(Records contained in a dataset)
============================================================

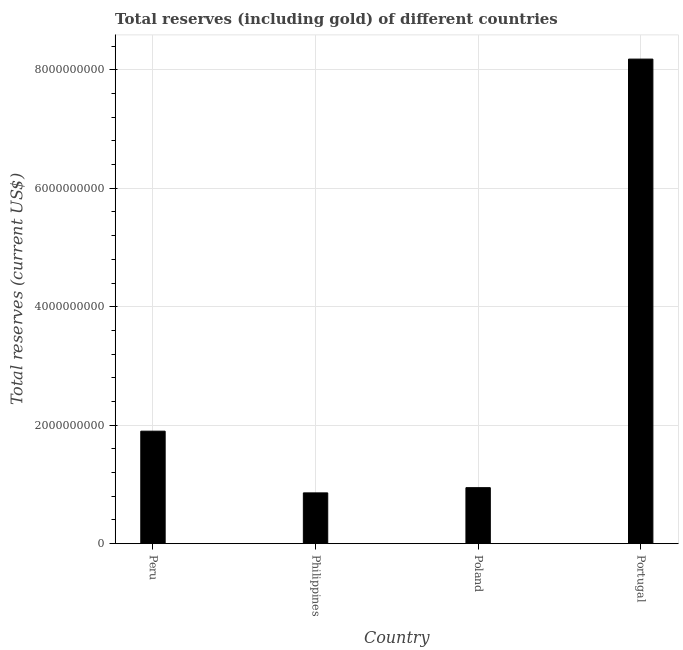Does the graph contain any zero values?
Your answer should be very brief. No. Does the graph contain grids?
Your answer should be compact. Yes. What is the title of the graph?
Your answer should be very brief. Total reserves (including gold) of different countries. What is the label or title of the X-axis?
Offer a very short reply. Country. What is the label or title of the Y-axis?
Offer a very short reply. Total reserves (current US$). What is the total reserves (including gold) in Peru?
Keep it short and to the point. 1.90e+09. Across all countries, what is the maximum total reserves (including gold)?
Give a very brief answer. 8.18e+09. Across all countries, what is the minimum total reserves (including gold)?
Provide a short and direct response. 8.57e+08. In which country was the total reserves (including gold) minimum?
Offer a very short reply. Philippines. What is the sum of the total reserves (including gold)?
Your response must be concise. 1.19e+1. What is the difference between the total reserves (including gold) in Philippines and Poland?
Ensure brevity in your answer.  -8.81e+07. What is the average total reserves (including gold) per country?
Your response must be concise. 2.97e+09. What is the median total reserves (including gold)?
Provide a succinct answer. 1.42e+09. What is the ratio of the total reserves (including gold) in Peru to that in Poland?
Provide a short and direct response. 2.01. What is the difference between the highest and the second highest total reserves (including gold)?
Your answer should be compact. 6.28e+09. What is the difference between the highest and the lowest total reserves (including gold)?
Provide a short and direct response. 7.32e+09. In how many countries, is the total reserves (including gold) greater than the average total reserves (including gold) taken over all countries?
Make the answer very short. 1. Are all the bars in the graph horizontal?
Provide a succinct answer. No. What is the Total reserves (current US$) in Peru?
Make the answer very short. 1.90e+09. What is the Total reserves (current US$) of Philippines?
Keep it short and to the point. 8.57e+08. What is the Total reserves (current US$) in Poland?
Ensure brevity in your answer.  9.45e+08. What is the Total reserves (current US$) in Portugal?
Your response must be concise. 8.18e+09. What is the difference between the Total reserves (current US$) in Peru and Philippines?
Your answer should be compact. 1.04e+09. What is the difference between the Total reserves (current US$) in Peru and Poland?
Your response must be concise. 9.54e+08. What is the difference between the Total reserves (current US$) in Peru and Portugal?
Provide a short and direct response. -6.28e+09. What is the difference between the Total reserves (current US$) in Philippines and Poland?
Keep it short and to the point. -8.81e+07. What is the difference between the Total reserves (current US$) in Philippines and Portugal?
Ensure brevity in your answer.  -7.32e+09. What is the difference between the Total reserves (current US$) in Poland and Portugal?
Give a very brief answer. -7.24e+09. What is the ratio of the Total reserves (current US$) in Peru to that in Philippines?
Your answer should be compact. 2.21. What is the ratio of the Total reserves (current US$) in Peru to that in Poland?
Keep it short and to the point. 2.01. What is the ratio of the Total reserves (current US$) in Peru to that in Portugal?
Your response must be concise. 0.23. What is the ratio of the Total reserves (current US$) in Philippines to that in Poland?
Keep it short and to the point. 0.91. What is the ratio of the Total reserves (current US$) in Philippines to that in Portugal?
Provide a short and direct response. 0.1. What is the ratio of the Total reserves (current US$) in Poland to that in Portugal?
Your answer should be compact. 0.12.

============================================================

- **Your goal**: In the entries above, restate word for word the lines between the one holding "Your answer should be very brief. Total" and the one holding "Give a very brief answer. 8.18e+09.", inclusive, and nothing besides.

- **Answer box**:
Your answer should be very brief. Total reserves (including gold) of different countries. What is the label or title of the X-axis?
Offer a very short reply. Country. What is the label or title of the Y-axis?
Offer a very short reply. Total reserves (current US$). What is the total reserves (including gold) in Peru?
Keep it short and to the point. 1.90e+09. Across all countries, what is the maximum total reserves (including gold)?
Give a very brief answer. 8.18e+09. Across all countries, what is the minimum total reserves (including gold)?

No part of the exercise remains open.